Text: "Thou shalt love thy neighbor as thyself." --(Matthew 22:39)

The Command of God

      The Hebrews of old did not have the use of coined money of a certain weight; therefore they weighed all the silver and gold they used in trade (Cruden, 738). God had commanded,

"Ye shall do no unrighteousness in judgment, in meteyard, in weight, or in measure, Just balances, just weights, a just ephah, and a just hin shall ye have: I am the Lord your God, which brought you out of the land of Egypt." --(Leviticus 19:35,36}

Again,

"Thou shalt not have in thy bag divers weights, a great and a small. Thou shalt not have in thine house divers measures, a great and a small. But thou shalt have a perfect and just weight, a perfect and just measure shalt thou have: that thy days may be lengthened in the land which the Lord thy God giveth thee. For all that do such things, and all that do unrighteously, are an abomination unto the Lord thy God." --(Deuteronomy 25:13-16)

And again,

"Shall I count them pure with the wicked balances, and with the bag of deceitful weights?" --(Micah 6:11)

Therefore, as Alexander Cruden related, the term "shekel of the sanctuary" expressed a just and exact weight according to the standards that were kept in the Tabernacle, and later in the Temple (Cruden, 738).

Gold

      Even the casual reader of the Bible knows gold was used in the Old Testament to represent Jehovah. The Ark of the Covenant, the pot of manna, the Altar of Incense, the Candlestick, the Table of Shewbread, the Golden Censer, the dishes, the spoons, their covers, and the bowls, even the boards of the Tabernacle were of gold. (Hebrews9:4; Exodus 30:1; 25:31,36, 29; 26:29}

     When men became ungrateful for the knowledge God had given them of Himself, they turned aside to worship the works of their hands and their understanding was darkened. Still, however, they continued to represent deity with gold. In his poems, Homer depicted Zeus, the "giver of life to all: to men as well as to nations", as clothing himself with gold. His palace was floored with gold, and his horses had manes of gold. Even the whip he held was of gold.

      Aphrodite, the goddess of love and beauty, was said to be golden.
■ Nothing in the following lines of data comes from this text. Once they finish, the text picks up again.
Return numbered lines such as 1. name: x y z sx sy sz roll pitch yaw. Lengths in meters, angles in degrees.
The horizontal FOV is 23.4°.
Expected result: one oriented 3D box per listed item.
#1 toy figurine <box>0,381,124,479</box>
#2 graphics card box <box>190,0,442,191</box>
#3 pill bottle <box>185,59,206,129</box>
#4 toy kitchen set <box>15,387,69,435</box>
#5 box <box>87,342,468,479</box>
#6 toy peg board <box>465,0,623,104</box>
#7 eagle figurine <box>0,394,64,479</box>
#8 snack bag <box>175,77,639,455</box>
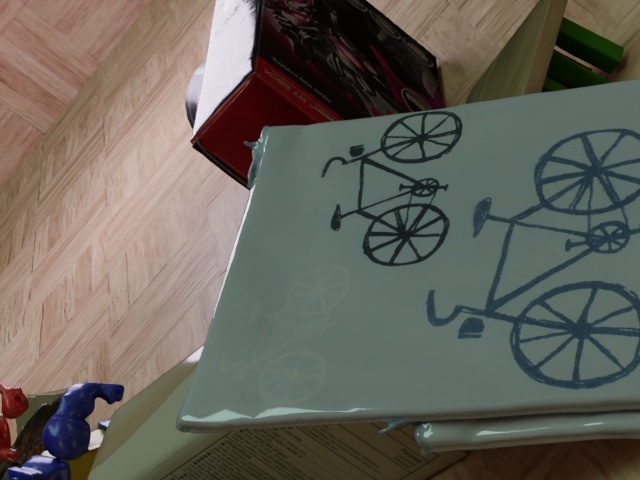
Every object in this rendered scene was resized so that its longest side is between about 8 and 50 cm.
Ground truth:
1. toy figurine: -0.203 0.261 1.401 0.191 0.217 0.363 4 102 51
2. graphics card box: 0.008 -0.133 1.425 0.094 0.233 0.371 -46 20 22
3. pill bottle: -0.065 -0.162 1.795 0.130 0.130 0.245 -56 19 -8
4. toy kitchen set: -0.317 0.220 1.880 0.083 0.075 0.068 -4 1 24
5. box: -0.035 0.146 1.178 0.311 0.148 0.121 -36 26 37
6. toy peg board: 0.172 -0.096 1.252 0.161 0.079 0.161 -55 11 51
7. eagle figurine: -0.386 0.316 1.698 0.298 0.225 0.226 -20 71 6
8. snack bag: 0.086 0.014 1.032 0.342 0.037 0.323 -6 41 17
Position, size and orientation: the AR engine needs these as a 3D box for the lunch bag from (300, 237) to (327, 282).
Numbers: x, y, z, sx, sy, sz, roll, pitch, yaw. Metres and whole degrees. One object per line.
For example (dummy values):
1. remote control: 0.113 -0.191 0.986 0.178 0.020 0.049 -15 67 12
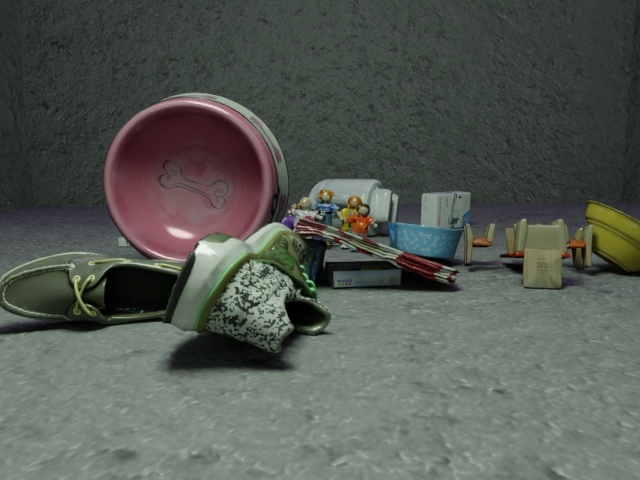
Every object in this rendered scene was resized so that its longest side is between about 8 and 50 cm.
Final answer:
1. lunch bag: -0.073 0.040 1.031 0.151 0.096 0.129 11 10 8

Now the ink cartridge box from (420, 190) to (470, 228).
1. ink cartridge box: 0.493 -0.118 1.937 0.190 0.140 0.082 -7 12 -33

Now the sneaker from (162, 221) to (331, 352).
1. sneaker: -0.067 0.086 0.751 0.182 0.158 0.410 33 13 9

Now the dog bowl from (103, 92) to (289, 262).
1. dog bowl: -0.270 -0.120 1.059 0.407 0.408 0.150 -1 7 -3

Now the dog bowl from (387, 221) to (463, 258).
1. dog bowl: 0.260 -0.003 1.272 0.165 0.074 0.297 7 2 0

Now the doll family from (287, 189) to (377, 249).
1. doll family: 0.039 -0.065 1.451 0.262 0.163 0.118 7 5 7

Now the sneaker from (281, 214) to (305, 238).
1. sneaker: -0.143 -0.027 1.558 0.104 0.095 0.236 -16 11 -39

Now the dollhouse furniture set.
1. dollhouse furniture set: 0.454 0.031 1.080 0.262 0.135 0.259 1 -3 12

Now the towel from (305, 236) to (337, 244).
1. towel: 0.000 0.000 1.588 0.113 0.023 0.152 0 6 -13

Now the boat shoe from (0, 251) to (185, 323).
1. boat shoe: -0.333 0.075 0.767 0.305 0.109 0.091 0 2 -23

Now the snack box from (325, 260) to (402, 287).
1. snack box: 0.086 0.068 1.023 0.141 0.037 0.100 -1 7 -9

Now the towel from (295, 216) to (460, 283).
1. towel: 0.106 0.017 1.041 0.329 0.037 0.237 19 3 -1

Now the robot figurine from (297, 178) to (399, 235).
1. robot figurine: 0.100 -0.120 1.769 0.353 0.200 0.300 4 -11 28

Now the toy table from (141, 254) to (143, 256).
1. toy table: -0.323 -0.050 1.231 0.274 0.252 0.161 -45 9 -3

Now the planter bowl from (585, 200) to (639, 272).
1. planter bowl: 0.662 0.008 1.088 0.217 0.090 0.217 32 11 -7

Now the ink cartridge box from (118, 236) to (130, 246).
1. ink cartridge box: -0.594 0.002 1.572 0.083 0.028 0.048 0 8 -1
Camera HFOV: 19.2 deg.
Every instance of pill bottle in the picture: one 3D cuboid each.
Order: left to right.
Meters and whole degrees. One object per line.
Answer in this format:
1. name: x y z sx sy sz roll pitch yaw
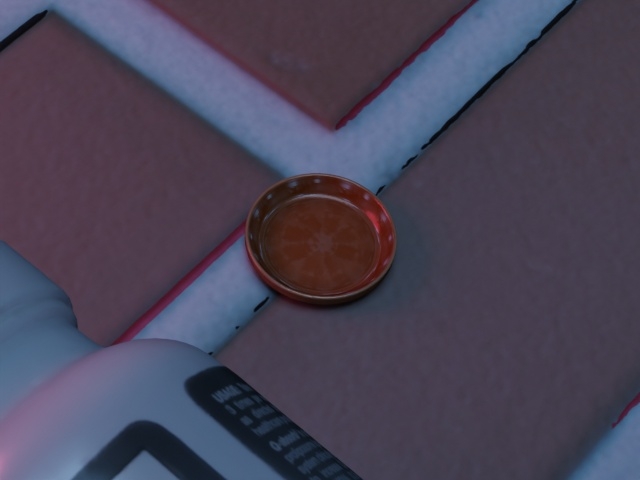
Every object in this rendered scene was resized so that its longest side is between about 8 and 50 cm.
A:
1. pill bottle: -0.055 0.172 0.768 0.363 0.210 0.210 39 60 12

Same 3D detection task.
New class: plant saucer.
1. plant saucer: 0.000 0.000 1.032 0.083 0.013 0.083 3 56 -4
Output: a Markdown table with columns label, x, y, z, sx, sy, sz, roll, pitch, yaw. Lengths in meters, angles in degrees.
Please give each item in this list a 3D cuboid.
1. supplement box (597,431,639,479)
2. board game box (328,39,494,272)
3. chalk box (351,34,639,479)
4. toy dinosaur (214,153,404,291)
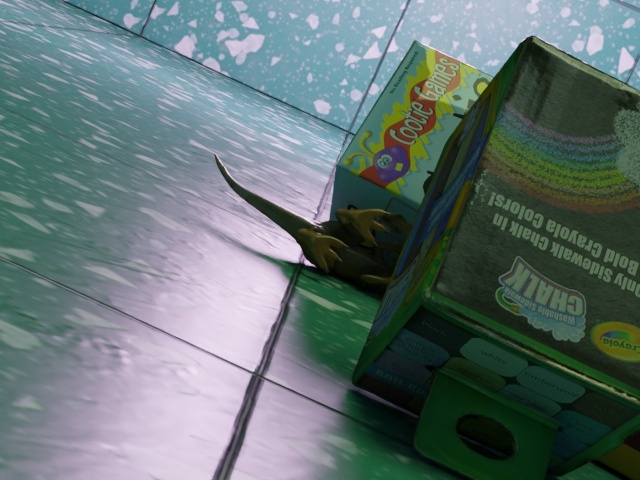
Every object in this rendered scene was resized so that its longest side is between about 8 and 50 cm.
| label | x | y | z | sx | sy | sz | roll | pitch | yaw |
| --- | --- | --- | --- | --- | --- | --- | --- | --- | --- |
| supplement box | 0.260 | 0.062 | 0.932 | 0.129 | 0.191 | 0.194 | 28 | 7 | 26 |
| board game box | 0.160 | -0.017 | 1.168 | 0.275 | 0.142 | 0.144 | 26 | -28 | 10 |
| chalk box | 0.108 | 0.032 | 0.750 | 0.132 | 0.213 | 0.132 | 26 | -26 | -3 |
| toy dinosaur | 0.000 | 0.000 | 1.119 | 0.211 | 0.064 | 0.112 | 32 | -14 | -3 |
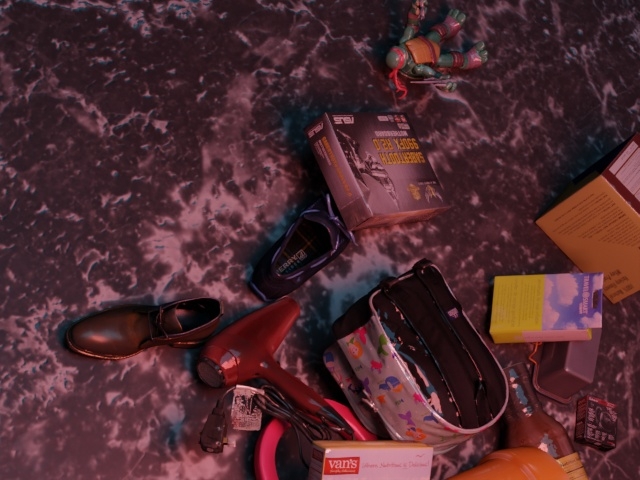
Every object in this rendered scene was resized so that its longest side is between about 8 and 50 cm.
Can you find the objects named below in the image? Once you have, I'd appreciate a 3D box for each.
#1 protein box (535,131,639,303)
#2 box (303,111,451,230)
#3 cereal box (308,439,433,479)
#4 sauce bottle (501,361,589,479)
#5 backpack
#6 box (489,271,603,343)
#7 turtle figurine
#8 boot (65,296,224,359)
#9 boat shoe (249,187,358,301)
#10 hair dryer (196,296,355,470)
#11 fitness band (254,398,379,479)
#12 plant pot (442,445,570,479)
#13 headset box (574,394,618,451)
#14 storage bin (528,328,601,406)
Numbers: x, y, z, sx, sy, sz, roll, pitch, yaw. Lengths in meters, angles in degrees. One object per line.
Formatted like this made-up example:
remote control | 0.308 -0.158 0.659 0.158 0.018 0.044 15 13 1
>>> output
protein box | 0.519 -0.035 2.065 0.201 0.200 0.136 46 57 0
box | 0.093 -0.114 1.938 0.231 0.056 0.183 -7 68 -52
cereal box | 0.059 0.392 1.650 0.173 0.047 0.240 6 93 -28
sauce bottle | 0.348 0.358 1.864 0.111 0.111 0.344 -13 72 -29
backpack | 0.145 0.188 1.780 0.253 0.191 0.225 53 37 11
box | 0.367 0.108 1.956 0.178 0.042 0.109 -3 56 20
turtle figurine | 0.184 -0.331 2.094 0.234 0.118 0.175 -22 93 -47
boot | -0.241 0.112 1.697 0.219 0.106 0.082 -5 70 -27
boat shoe | 0.000 0.000 1.871 0.109 0.089 0.258 39 57 -4
hair dryer | -0.068 0.203 1.738 0.223 0.080 0.293 14 50 -17
fitness band | 0.021 0.368 1.741 0.209 0.054 0.291 -27 82 -35
plant pot | 0.233 0.404 1.722 0.188 0.205 0.205 -2 68 -30
headset box | 0.451 0.295 1.984 0.062 0.032 0.083 20 60 -17
storage bin | 0.398 0.185 1.974 0.098 0.091 0.135 26 58 -13
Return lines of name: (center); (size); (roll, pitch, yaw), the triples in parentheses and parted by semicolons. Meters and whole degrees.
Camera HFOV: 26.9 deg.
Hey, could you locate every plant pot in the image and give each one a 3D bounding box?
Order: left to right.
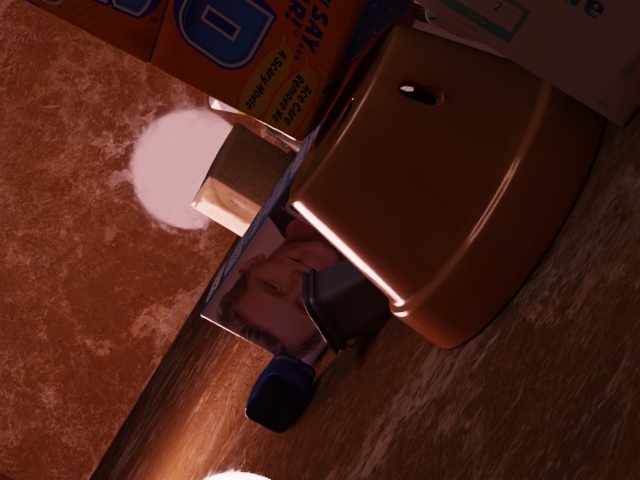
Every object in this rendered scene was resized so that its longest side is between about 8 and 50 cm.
plant pot: (0.104, -0.070, 1.278); (0.291, 0.203, 0.291); (-58, 9, 15)

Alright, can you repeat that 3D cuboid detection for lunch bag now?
lunch bag: (-0.050, 0.194, 1.759); (0.098, 0.067, 0.065); (-55, 10, 26)

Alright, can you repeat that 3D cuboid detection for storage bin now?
storage bin: (0.040, 0.071, 1.615); (0.091, 0.098, 0.135); (-30, 13, 9)

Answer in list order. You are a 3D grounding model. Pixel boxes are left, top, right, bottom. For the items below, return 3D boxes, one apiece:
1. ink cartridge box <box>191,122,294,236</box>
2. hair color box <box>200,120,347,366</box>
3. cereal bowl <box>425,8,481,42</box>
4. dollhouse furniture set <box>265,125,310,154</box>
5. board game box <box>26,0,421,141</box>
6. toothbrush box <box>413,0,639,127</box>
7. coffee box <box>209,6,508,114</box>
ink cartridge box: (-0.097, -0.082, 2.452); (0.088, 0.234, 0.193); (-53, 10, 35)
hair color box: (0.000, 0.000, 1.772); (0.347, 0.174, 0.105); (-55, 11, 33)
cereal bowl: (0.264, -0.374, 1.565); (0.339, 0.141, 0.339); (-58, 13, 22)
dollhouse furniture set: (0.089, -0.236, 2.398); (0.303, 0.174, 0.355); (-48, 37, -4)
board game box: (-0.053, -0.386, 1.399); (0.356, 0.356, 0.357); (-50, -15, -57)
toothbrush box: (0.219, -0.261, 1.218); (0.126, 0.216, 0.295); (-56, 10, 30)
coffee box: (0.056, -0.359, 1.866); (0.338, 0.334, 0.338); (139, 139, -68)
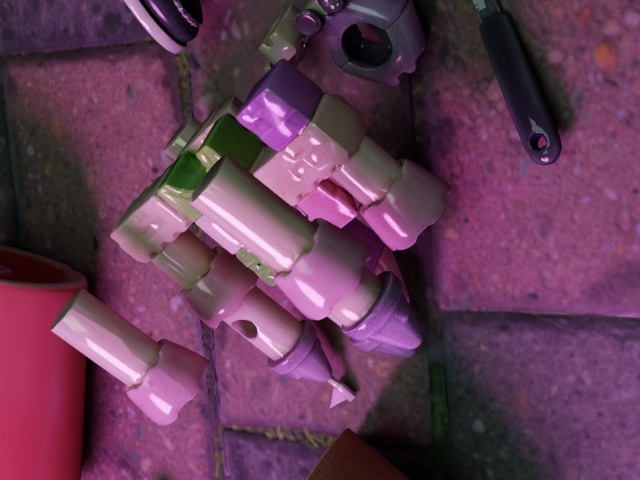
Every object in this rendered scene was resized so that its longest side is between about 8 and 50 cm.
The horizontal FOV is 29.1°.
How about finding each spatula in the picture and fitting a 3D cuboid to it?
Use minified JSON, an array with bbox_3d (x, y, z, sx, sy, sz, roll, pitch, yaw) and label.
[{"bbox_3d":[0.122,-0.195,0.962,0.084,0.030,0.297,-28,83,32],"label":"spatula"}]

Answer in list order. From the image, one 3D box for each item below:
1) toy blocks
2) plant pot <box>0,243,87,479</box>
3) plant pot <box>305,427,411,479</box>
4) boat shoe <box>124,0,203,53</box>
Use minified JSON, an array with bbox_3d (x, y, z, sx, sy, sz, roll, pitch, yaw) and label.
[{"bbox_3d":[0.000,0.000,1.000,0.260,0.309,0.288,38,136,-14],"label":"toy blocks"},{"bbox_3d":[-0.350,0.134,1.212,0.274,0.275,0.243,18,98,30],"label":"plant pot"},{"bbox_3d":[0.067,0.319,0.994,0.254,0.237,0.237,30,115,11],"label":"plant pot"},{"bbox_3d":[-0.162,-0.336,1.077,0.113,0.127,0.340,-25,81,11],"label":"boat shoe"}]
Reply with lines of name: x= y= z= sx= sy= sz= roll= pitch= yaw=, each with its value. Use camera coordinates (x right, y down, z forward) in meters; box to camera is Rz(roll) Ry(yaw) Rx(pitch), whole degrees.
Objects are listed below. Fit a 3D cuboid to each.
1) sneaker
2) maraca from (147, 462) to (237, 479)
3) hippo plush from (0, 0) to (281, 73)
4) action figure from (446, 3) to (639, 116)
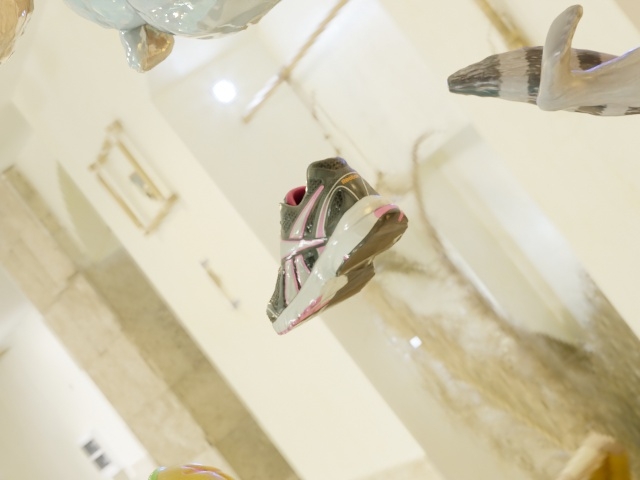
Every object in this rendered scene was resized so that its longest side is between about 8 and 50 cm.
sneaker: x=0.000 y=0.000 z=0.782 sx=0.072 sy=0.077 sz=0.178 roll=-24 pitch=-17 yaw=-36
maraca: x=-0.093 y=0.250 z=0.899 sx=0.099 sy=0.127 sz=0.185 roll=-45 pitch=24 yaw=5
hippo plush: x=-0.139 y=-0.150 z=0.547 sx=0.294 sy=0.234 sz=0.237 roll=7 pitch=-9 yaw=40
action figure: x=0.256 y=-0.130 z=0.685 sx=0.341 sy=0.330 sz=0.178 roll=-96 pitch=28 yaw=-56
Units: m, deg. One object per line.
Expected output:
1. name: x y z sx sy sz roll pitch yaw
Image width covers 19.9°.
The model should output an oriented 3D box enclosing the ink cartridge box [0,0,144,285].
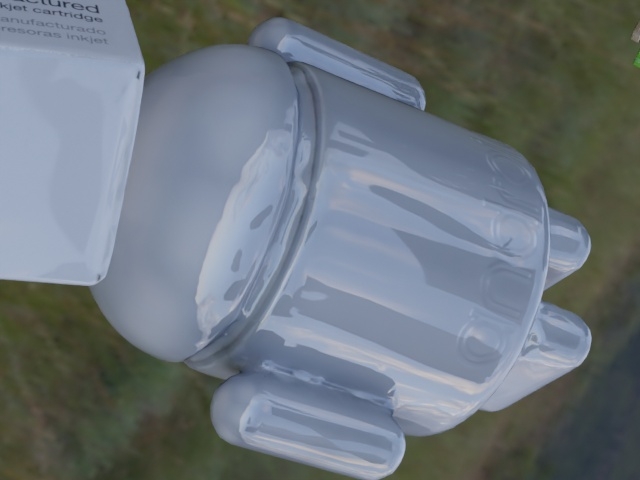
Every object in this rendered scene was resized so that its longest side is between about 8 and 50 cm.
1. ink cartridge box: -0.205 -0.105 0.851 0.278 0.201 0.117 -113 -148 -56

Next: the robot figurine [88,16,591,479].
1. robot figurine: 0.000 0.000 1.138 0.200 0.353 0.300 -42 -142 47

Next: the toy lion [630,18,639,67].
1. toy lion: 0.286 -0.187 1.503 0.100 0.034 0.096 -62 171 6
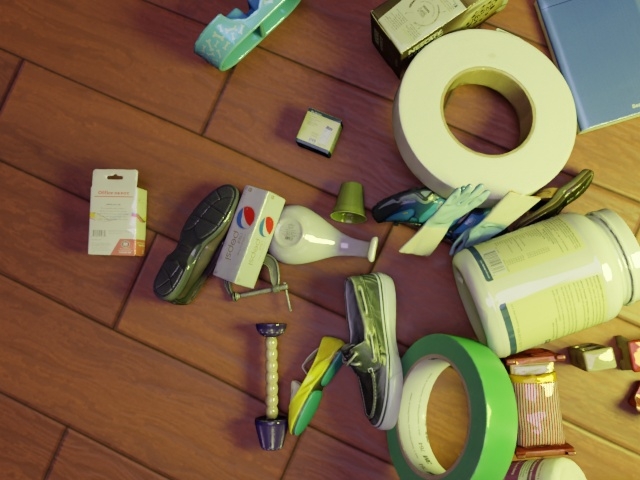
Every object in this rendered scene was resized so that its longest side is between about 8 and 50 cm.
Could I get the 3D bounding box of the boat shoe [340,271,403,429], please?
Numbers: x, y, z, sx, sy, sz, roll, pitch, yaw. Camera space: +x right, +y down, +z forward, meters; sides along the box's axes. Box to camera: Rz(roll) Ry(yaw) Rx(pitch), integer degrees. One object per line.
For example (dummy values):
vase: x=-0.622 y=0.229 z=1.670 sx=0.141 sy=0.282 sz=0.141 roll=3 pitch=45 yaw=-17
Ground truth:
boat shoe: x=0.097 y=0.235 z=1.352 sx=0.119 sy=0.121 sz=0.335 roll=2 pitch=75 yaw=-21

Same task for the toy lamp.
toy lamp: x=-0.108 y=0.323 z=1.398 sx=0.080 sy=0.080 sz=0.275 roll=0 pitch=84 yaw=5

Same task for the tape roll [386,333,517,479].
tape roll: x=0.247 y=0.349 z=1.243 sx=0.077 sy=0.321 sz=0.321 roll=13 pitch=87 yaw=-26

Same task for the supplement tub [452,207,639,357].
supplement tub: x=0.458 y=0.082 z=1.280 sx=0.324 sy=0.235 sz=0.236 roll=-20 pitch=84 yaw=4

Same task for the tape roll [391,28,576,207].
tape roll: x=0.346 y=-0.263 z=1.333 sx=0.391 sy=0.072 sz=0.392 roll=2 pitch=75 yaw=-6

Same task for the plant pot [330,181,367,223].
plant pot: x=0.068 y=-0.088 z=1.414 sx=0.083 sy=0.083 sz=0.079 roll=6 pitch=73 yaw=6

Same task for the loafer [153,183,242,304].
loafer: x=-0.267 y=0.013 z=1.440 sx=0.109 sy=0.095 sz=0.303 roll=29 pitch=84 yaw=37

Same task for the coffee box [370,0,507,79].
coffee box: x=0.263 y=-0.505 z=1.375 sx=0.297 sy=0.168 sz=0.119 roll=-34 pitch=83 yaw=2

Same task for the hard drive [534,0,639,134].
hard drive: x=0.629 y=-0.419 z=1.398 sx=0.210 sy=0.040 sz=0.319 roll=-17 pitch=84 yaw=4

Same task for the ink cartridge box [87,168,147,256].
ink cartridge box: x=-0.470 y=-0.064 z=1.463 sx=0.115 sy=0.067 sz=0.198 roll=2 pitch=88 yaw=5

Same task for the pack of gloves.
pack of gloves: x=0.295 y=-0.046 z=1.282 sx=0.195 sy=0.232 sz=0.046 roll=7 pitch=52 yaw=-28

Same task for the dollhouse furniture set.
dollhouse furniture set: x=0.563 y=0.314 z=1.294 sx=0.373 sy=0.152 sz=0.201 roll=-8 pitch=85 yaw=5

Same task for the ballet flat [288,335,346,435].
ballet flat: x=-0.021 y=0.316 z=1.398 sx=0.077 sy=0.077 sz=0.231 roll=29 pitch=86 yaw=28

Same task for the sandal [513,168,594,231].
sandal: x=0.499 y=-0.089 z=1.367 sx=0.219 sy=0.090 sz=0.060 roll=-41 pitch=63 yaw=-1

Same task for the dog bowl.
dog bowl: x=-0.154 y=-0.502 z=1.423 sx=0.297 sy=0.166 sz=0.074 roll=-43 pitch=94 yaw=1

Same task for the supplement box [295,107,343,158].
supplement box: x=-0.002 y=-0.245 z=1.437 sx=0.083 sy=0.056 sz=0.083 roll=23 pitch=88 yaw=7

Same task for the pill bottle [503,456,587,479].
pill bottle: x=0.362 y=0.526 z=1.239 sx=0.301 sy=0.169 sz=0.169 roll=-22 pitch=83 yaw=39

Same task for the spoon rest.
spoon rest: x=0.000 y=0.000 z=1.419 sx=0.276 sy=0.084 sz=0.137 roll=12 pitch=86 yaw=20

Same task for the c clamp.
c clamp: x=-0.149 y=0.100 z=1.434 sx=0.160 sy=0.022 sz=0.137 roll=-6 pitch=85 yaw=15

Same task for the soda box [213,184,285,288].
soda box: x=-0.158 y=-0.008 z=1.400 sx=0.073 sy=0.069 sz=0.216 roll=18 pitch=87 yaw=35

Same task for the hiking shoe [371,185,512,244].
hiking shoe: x=0.265 y=-0.051 z=1.369 sx=0.303 sy=0.113 sz=0.132 roll=-6 pitch=85 yaw=5
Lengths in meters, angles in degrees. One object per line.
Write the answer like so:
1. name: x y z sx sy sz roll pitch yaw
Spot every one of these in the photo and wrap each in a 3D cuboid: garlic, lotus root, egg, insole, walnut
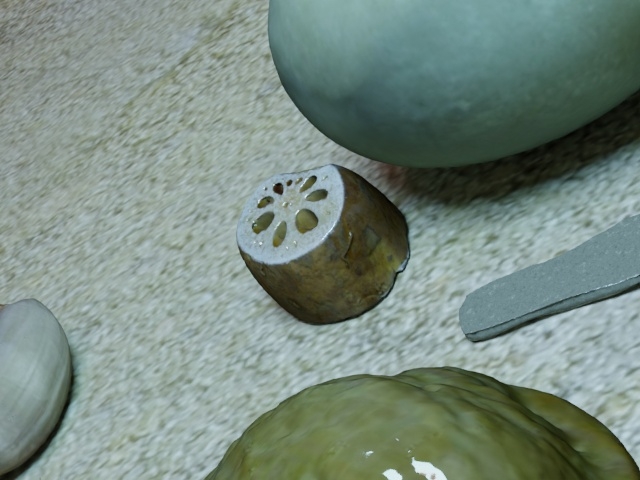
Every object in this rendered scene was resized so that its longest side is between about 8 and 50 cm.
1. garlic: -0.264 0.109 1.390 0.128 0.090 0.198 -27 39 37
2. lotus root: -0.001 0.003 1.286 0.122 0.081 0.112 -8 52 36
3. egg: 0.126 -0.191 1.226 0.352 0.258 0.258 -27 36 22
4. insole: 0.180 0.020 1.154 0.192 0.010 0.063 -25 36 19
5. walnut: 0.049 0.179 0.907 0.283 0.227 0.283 -24 24 11

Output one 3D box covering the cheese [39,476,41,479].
1. cheese: -0.217 0.222 1.253 0.084 0.041 0.060 -57 27 7

Everything that was beautiful and precious was depicted as golden because gold not only possesses beauty, but is inherently valuable. God made it this way.

     Since gold is durable and portable, from antiquity, it has been chosen, along with silver, as the medium of exchange; however, under Roman tyranny, a creditor was obliged to take in payment whatever the government was coining. In the Lex Cornelia, a penalty was exacted against anyone refusing to accept it. Serious debasements of the coinage occurred, particularly during the time of Hannibal's invasion. The law was not seriously questioned, however, until the time of Sulla, and it was not until the time of Diocletian that a change was made and gold was made to pass by weight (White, 38).